- **TASK INSTRUCTIONS**
In the entries below, find the lines that contain the word "each" and copy them.

[Data entries]
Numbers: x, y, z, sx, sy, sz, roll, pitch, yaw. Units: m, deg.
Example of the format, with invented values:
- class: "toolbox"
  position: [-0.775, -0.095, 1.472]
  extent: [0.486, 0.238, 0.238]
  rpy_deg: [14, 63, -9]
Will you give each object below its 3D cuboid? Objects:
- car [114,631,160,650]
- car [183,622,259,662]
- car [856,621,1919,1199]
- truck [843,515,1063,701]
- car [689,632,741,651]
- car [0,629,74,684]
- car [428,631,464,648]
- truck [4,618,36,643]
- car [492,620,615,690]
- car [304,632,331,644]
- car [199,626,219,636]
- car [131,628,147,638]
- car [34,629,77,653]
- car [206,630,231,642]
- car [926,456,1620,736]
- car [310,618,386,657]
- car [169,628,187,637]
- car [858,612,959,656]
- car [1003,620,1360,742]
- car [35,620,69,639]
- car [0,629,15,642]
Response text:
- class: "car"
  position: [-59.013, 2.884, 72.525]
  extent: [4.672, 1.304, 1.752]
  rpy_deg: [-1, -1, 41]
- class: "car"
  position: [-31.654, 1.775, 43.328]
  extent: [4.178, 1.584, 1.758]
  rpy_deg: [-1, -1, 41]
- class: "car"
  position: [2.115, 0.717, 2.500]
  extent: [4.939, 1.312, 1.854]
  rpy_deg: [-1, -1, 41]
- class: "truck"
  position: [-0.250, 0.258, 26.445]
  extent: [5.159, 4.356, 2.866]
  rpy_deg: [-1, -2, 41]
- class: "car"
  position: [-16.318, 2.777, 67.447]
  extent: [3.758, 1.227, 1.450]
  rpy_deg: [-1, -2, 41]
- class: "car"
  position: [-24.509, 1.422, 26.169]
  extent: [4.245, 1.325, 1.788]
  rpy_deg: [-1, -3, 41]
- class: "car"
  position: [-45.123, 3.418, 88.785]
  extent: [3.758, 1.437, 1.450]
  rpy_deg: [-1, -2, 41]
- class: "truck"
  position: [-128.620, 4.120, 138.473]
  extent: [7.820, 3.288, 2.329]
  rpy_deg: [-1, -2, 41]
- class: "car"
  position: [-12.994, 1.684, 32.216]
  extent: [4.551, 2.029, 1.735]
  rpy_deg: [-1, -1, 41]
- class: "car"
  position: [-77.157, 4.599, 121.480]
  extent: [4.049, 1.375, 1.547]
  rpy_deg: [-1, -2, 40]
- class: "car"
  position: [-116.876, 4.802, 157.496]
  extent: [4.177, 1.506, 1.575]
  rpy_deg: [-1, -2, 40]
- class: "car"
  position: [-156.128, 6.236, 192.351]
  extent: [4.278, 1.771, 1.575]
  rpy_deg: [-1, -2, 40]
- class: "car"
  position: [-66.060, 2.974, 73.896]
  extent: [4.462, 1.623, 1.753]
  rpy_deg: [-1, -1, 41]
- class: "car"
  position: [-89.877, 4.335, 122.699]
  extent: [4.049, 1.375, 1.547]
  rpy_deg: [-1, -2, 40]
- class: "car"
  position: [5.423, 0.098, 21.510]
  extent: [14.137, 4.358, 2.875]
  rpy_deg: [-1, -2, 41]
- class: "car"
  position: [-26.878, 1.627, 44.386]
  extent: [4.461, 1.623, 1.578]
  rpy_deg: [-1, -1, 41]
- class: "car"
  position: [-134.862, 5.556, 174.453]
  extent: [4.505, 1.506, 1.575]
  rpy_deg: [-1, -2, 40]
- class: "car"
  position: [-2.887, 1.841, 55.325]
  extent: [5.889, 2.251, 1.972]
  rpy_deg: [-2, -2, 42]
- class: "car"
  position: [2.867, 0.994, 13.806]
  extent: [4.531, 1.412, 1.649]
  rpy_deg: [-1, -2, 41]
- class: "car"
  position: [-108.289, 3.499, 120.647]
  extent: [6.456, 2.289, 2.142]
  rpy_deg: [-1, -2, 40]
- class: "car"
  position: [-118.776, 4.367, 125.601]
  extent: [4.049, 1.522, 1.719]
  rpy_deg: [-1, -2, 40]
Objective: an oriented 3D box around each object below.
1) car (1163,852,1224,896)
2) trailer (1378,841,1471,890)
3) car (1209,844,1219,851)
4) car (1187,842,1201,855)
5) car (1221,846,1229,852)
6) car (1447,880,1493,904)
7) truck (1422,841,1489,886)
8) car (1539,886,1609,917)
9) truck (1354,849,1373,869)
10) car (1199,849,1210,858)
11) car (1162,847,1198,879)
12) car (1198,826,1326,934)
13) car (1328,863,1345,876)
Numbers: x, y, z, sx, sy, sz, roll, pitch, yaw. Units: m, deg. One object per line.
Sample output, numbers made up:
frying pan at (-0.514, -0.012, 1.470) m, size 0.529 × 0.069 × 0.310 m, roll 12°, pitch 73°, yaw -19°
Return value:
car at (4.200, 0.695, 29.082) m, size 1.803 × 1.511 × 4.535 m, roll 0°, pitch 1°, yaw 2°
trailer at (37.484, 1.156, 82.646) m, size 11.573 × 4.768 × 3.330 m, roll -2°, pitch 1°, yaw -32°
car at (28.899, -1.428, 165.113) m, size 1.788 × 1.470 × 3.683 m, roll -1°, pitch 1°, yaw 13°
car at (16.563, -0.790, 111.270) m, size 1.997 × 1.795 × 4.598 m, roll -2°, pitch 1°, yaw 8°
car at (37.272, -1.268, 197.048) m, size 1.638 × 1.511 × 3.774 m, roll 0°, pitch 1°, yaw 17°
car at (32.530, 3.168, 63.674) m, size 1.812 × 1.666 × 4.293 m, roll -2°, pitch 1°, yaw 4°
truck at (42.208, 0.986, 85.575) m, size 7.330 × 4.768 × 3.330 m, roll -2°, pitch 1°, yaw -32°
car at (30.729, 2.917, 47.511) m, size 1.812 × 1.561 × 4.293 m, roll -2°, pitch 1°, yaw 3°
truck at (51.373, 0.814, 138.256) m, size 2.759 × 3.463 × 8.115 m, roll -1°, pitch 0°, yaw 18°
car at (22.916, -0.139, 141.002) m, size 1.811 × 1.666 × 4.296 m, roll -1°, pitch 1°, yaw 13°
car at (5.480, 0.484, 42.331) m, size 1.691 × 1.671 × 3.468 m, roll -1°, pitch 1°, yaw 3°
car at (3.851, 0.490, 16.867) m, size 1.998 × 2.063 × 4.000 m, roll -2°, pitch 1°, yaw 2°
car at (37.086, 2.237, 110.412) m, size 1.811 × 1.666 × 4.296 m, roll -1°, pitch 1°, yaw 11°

- **RESPONSE TO THE EXERCISE**
Will you give each object below its 3D cuboid? Objects:
Objective: an oriented 3D box around each object below.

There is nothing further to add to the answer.